According to the method proposed by the present invention, the song is broken into parts that have the same energy level and the point of abrupt changes between adjacent levels is detected. For a given signal, the energy is averaged over short time segmentation (e.g., 2 Sec).

It is desired to find the exact points of change. For each change point, the process goes back to the signal and trims a 4 Sec area from both sides of the roughly estimated change. At the next step, a moving average M(t) is applied with the same segmentation as started. At the next step, the function

P ( t ) = M ( t ) M ( t - l )

Where l is the number of samples of the segmentation used. The term Max(P(t)) provides the desired correction. Readjusting these change moments allows locating the Downbeat (the first beat of a measure, which generally has the highest energy density of the bass frequencies of the composition).

Energy distribution over any scale may be used to define that musical scale (e.g., western or Indian musical track), as well as the genre.

FIG. 5 illustrates an example of autocorrelation of the song “cry me a river” of the performer Justin Timberlake with detected dominant multiplicity of 8 bars. The energy levels are equally spaced peaks, which show how much the signal that is sampled in 44.1 Khz rate is similar to itself in different shifts. The x axis represents time*the sampling frequency and the y axis represents energy levels, while the highest peak (not normalized) is obtained with no shift. The peak levels drop linearly along line 50, as the similarity is degraded from bar to bar. As seen, there are 3 peaks 51, 52 and 53 that exceed the energy levels bounded by line 50. These peaks correspond to higher periodicity of the rhythmic pattern, while the 8th peak provides the highest energy. Thus, the rhythmic pattern is repeated after 8 bars.

FIGS. 6A and 6B illustrate examples of autocorrelation of autocorrelations of low-passed energy from seconds 40 to 50, of two different songs. FIG. 6A shows the autocorrelations of the song “A day in life” with high rhythmical score. As seen from FIG. 6A, most of the peaks exceed the median energy level 61 (taken with respect to the highest peak 62. Thus, the rhythmic pattern of this song has a high score.

FIG. 6B shows the autocorrelations of the album “Rio” of Duran Duran, with low (Drone-like) rhythmical score. As seen from FIG. 6B, most of the peaks do not exceed the median energy level 63 (taken with respect to the highest peak 64. Thus, the rhythmic pattern of this song has a low score.
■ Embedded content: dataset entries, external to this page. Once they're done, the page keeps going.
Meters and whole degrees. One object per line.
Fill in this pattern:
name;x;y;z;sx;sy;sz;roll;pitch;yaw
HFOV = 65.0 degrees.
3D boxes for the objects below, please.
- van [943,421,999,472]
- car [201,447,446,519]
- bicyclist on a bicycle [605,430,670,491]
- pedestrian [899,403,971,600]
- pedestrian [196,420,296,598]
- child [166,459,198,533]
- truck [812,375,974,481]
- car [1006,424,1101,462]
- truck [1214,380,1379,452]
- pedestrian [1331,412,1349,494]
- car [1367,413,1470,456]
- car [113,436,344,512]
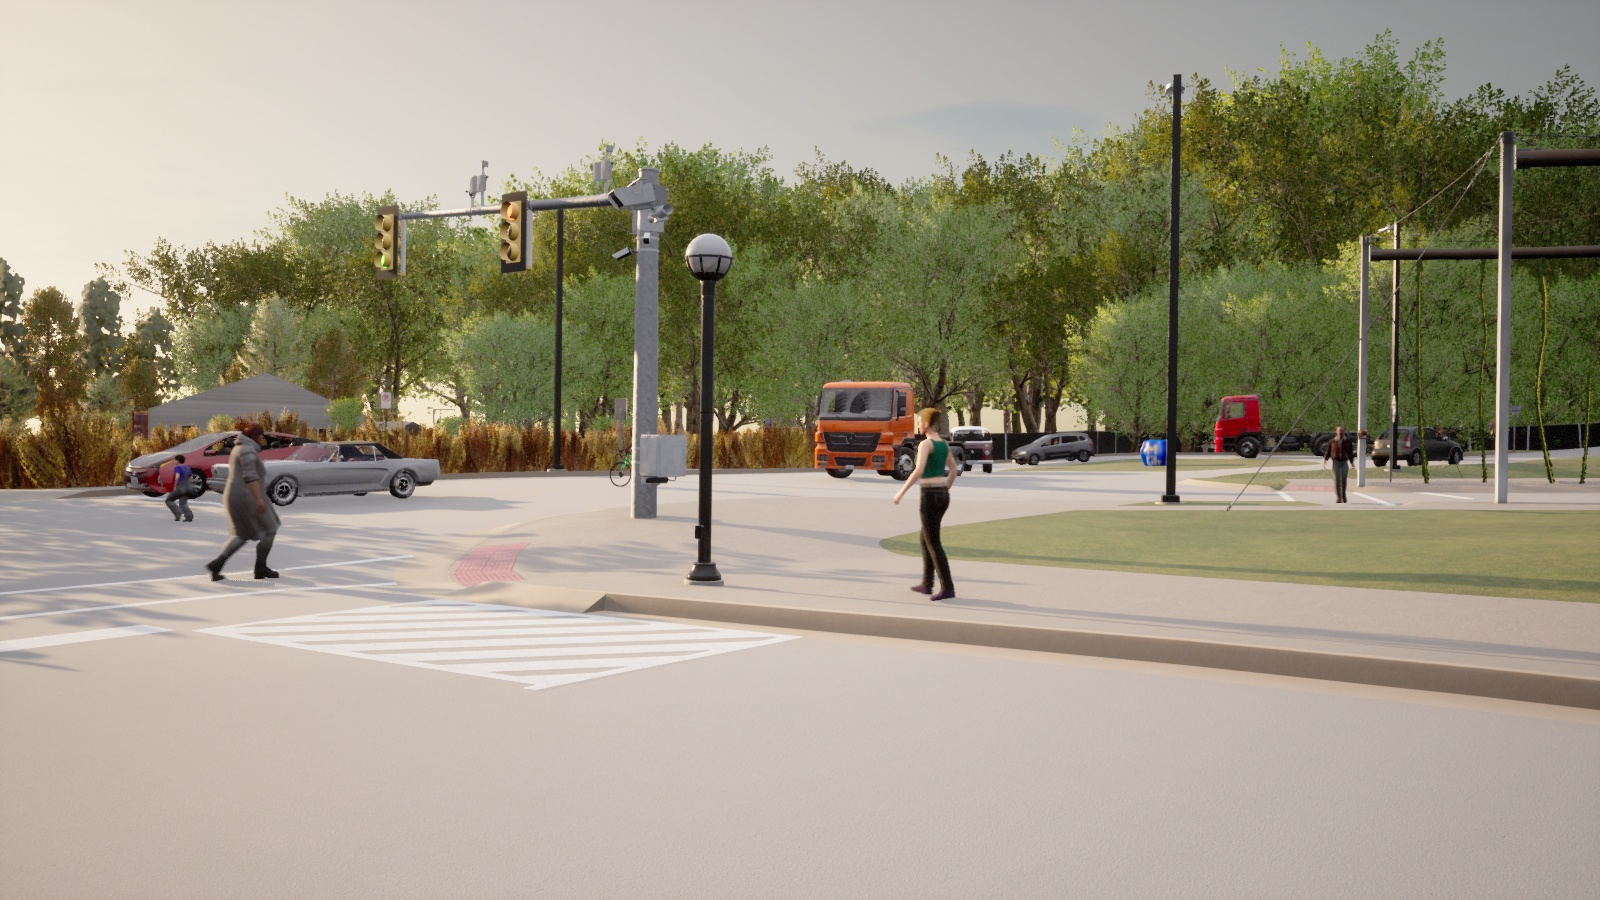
van;7.364;-0.157;54.363;2.069;2.038;4.480;-2;0;4
car;-10.371;0.656;27.668;1.895;1.301;4.718;0;2;37
bicyclist on a bicycle;-4.404;0.283;34.001;1.656;1.620;0.582;0;1;-33
pedestrian;1.294;0.478;12.048;0.594;1.836;0.345;0;0;39
pedestrian;-6.296;0.645;14.284;0.873;1.952;0.659;0;0;-41
child;-10.761;0.794;21.878;0.437;1.263;0.270;0;0;20
truck;3.540;-0.790;45.304;2.891;3.462;7.936;0;1;28
car;14.192;-0.387;70.540;4.611;1.667;2.242;-6;2;-10
truck;26.314;-1.795;66.944;7.936;3.462;2.891;-2;1;18
pedestrian;12.324;0.069;28.641;0.376;1.854;0.720;0;0;24
car;24.917;-0.631;50.592;3.988;1.617;1.851;-2;1;-32
car;-13.418;0.513;29.720;2.007;1.525;4.514;0;2;37
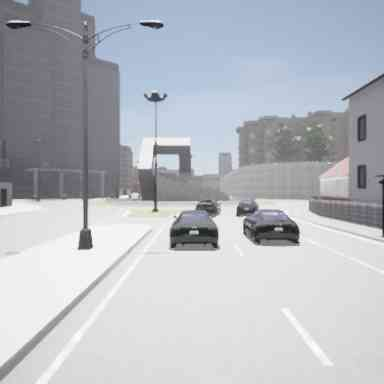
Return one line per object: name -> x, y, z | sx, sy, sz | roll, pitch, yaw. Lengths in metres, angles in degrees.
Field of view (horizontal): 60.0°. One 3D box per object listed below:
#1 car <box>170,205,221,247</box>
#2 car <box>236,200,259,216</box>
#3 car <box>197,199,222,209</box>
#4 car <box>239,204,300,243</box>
car -> 0.094, 1.502, 14.676 | 1.994, 1.385, 4.181 | 0, 0, 0
car -> 5.283, 1.434, 30.989 | 1.994, 1.385, 4.181 | 0, 0, 14
car -> 1.558, 1.378, 30.499 | 1.837, 1.490, 4.892 | 0, 0, 12
car -> 3.605, 1.498, 15.739 | 1.994, 1.385, 4.181 | 0, 0, 1
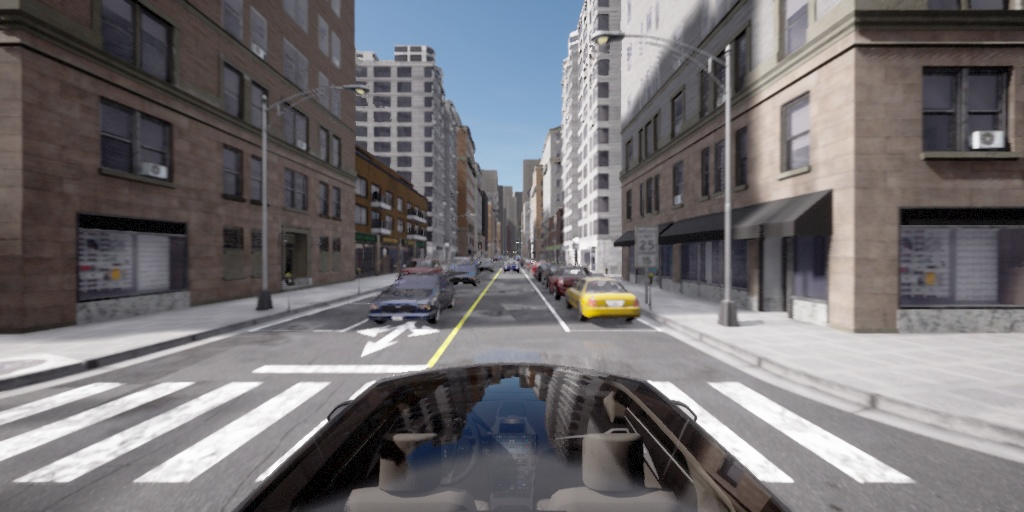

Bar Units Division, BPM Extraction and Rhythmical Patterns Segmentation:

Three types of rhythmical divisions are extracted according to the process proposed by the present invention. Musical bars units are the short time rhythmic repetitions along the track. This process takes into consideration that bar units may change in their length, during the whole song. Musical bars units might change abruptly, or while accelerating or slowing down. Yet, the basic assumption of local periodicity of the rhythmical waveform (any waveform preprocessing which produces waveform with local periodicity) is valid for most cases. The local length of the bar unit induces the local shape of the repetitive rhythmic waveform. This feature is the local rhythmical pattern of the bar. Analyzing the rhythmical bar pattern reveals the local Beats Per Minute (BPM). Moreover, marking the moment where rhythmical bar patterns substantially change allow obtaining the rhythmical patterns segmentation, i.e., segmentation into sections of constant rhythmical patterns of the bar units.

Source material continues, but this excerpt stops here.